I do not want to pretend that the federal government has no jurisdiction at all in getting involved in environmental issues and protecting endangered species. Environment, after all, does not fall exclusively into either federal or provincial jurisdiction.

Fathers of Confederation thought far more about regulating trade, commerce, education and even how to divide up the colony's debts than they did about protecting endangered species, but the federal government clearly has a role to play.

Section 91 of the constitution gives the federal government power in the areas of international treaties, Indians and land reserved for Indians, sea coast and inland fisheries. One could even, I suppose, make a case that the power to guarantee peace, order and good governance allows the federal government an entry here, though that is sufficiently ill-defined as a justification. I am sure it will be fought out in the courts.

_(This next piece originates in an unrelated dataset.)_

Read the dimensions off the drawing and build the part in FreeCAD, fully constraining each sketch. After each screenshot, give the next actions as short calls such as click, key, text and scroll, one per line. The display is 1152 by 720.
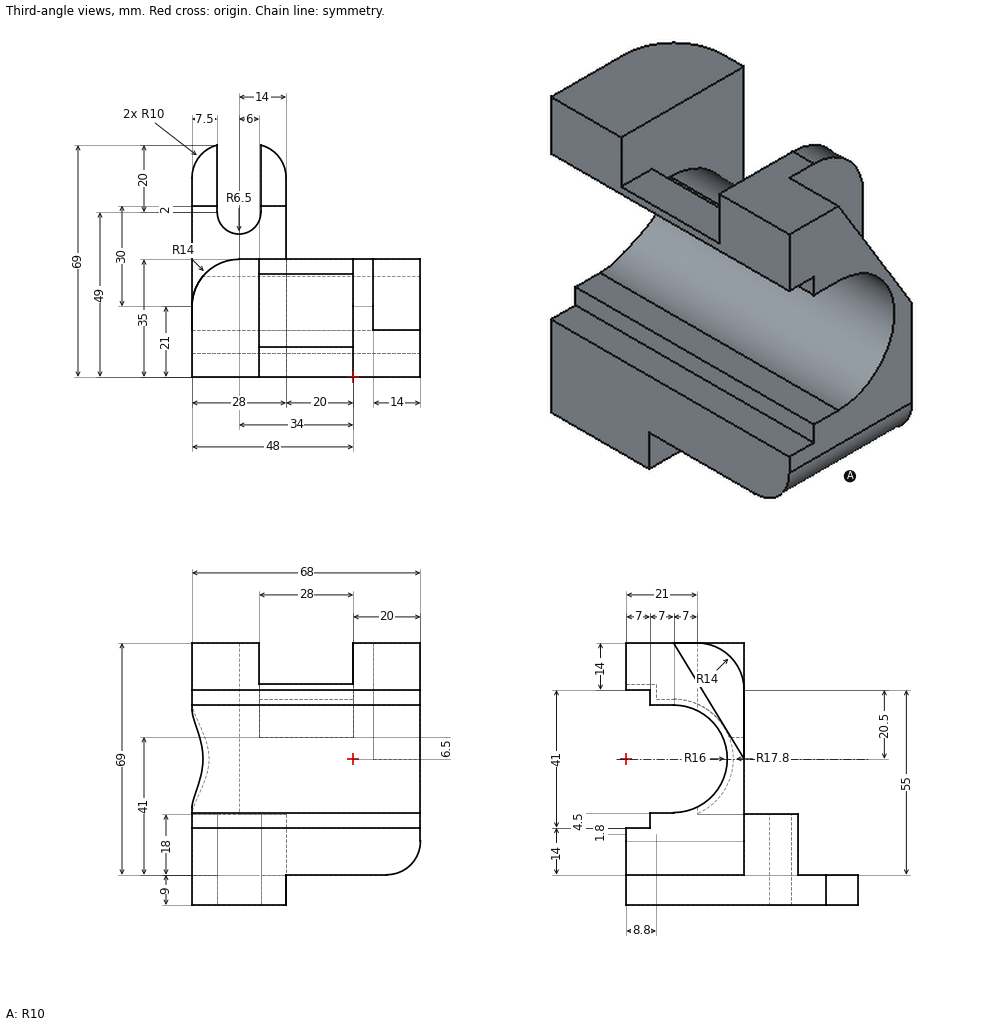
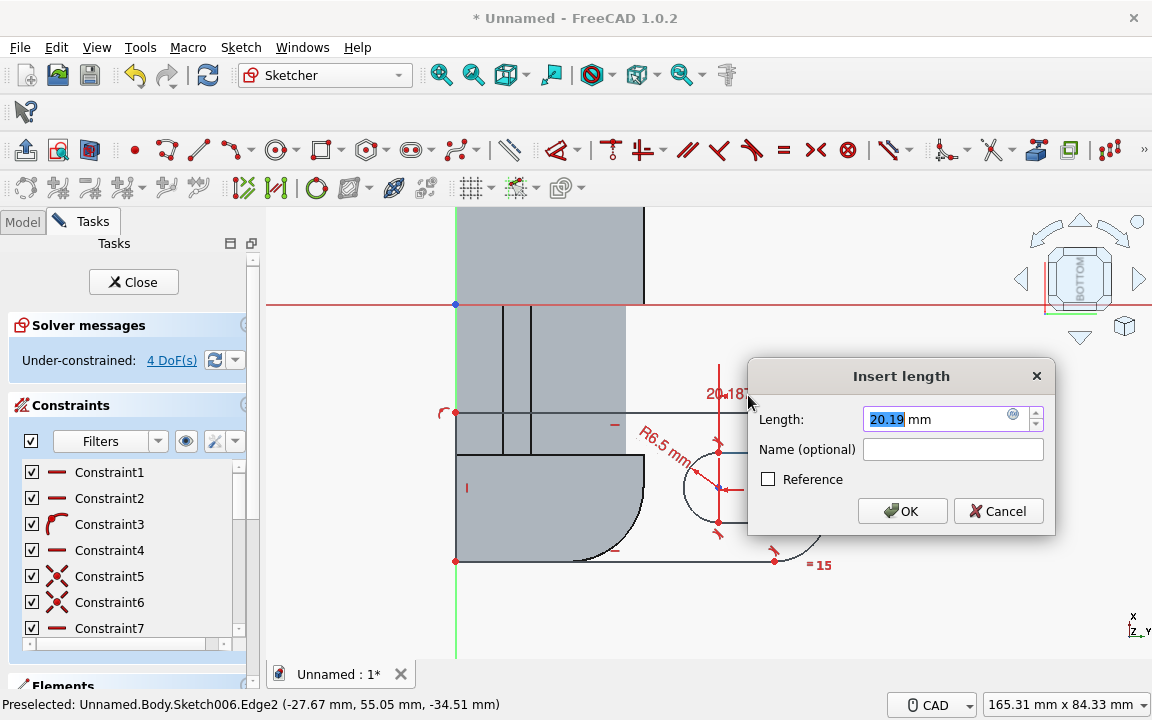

Perhaps the best justification for the federal role is responsibility for the criminal law. This power to prohibit and punish any conduct clearly would extend to protecting endangered species, though I cannot help but wonder whether the harsh criminal provisions in the bill and the refusal to require that someone have criminal intent exists more because they strengthen the federal government's self-jurisdiction for involvement than because of how effective they will be.

The provinces have a role to play because the constitution gives them power over: the management and sale of public lands belonging to the province; property and civil rights; and matters of merely local or private nature in the province. Together these amount to vast responsibilities. The provinces are the ones with the troops on the ground, with the power to really enforce the provisions of the act. They have a presence to enforce natural resources and wildlife rules that extend widely across the nation.

Apart from the jurisdictional question, without the provinces the bill simply cannot be enforced. It is essential for the minister to make sure he has the provinces on side or his best laid plans will not have their desired effect.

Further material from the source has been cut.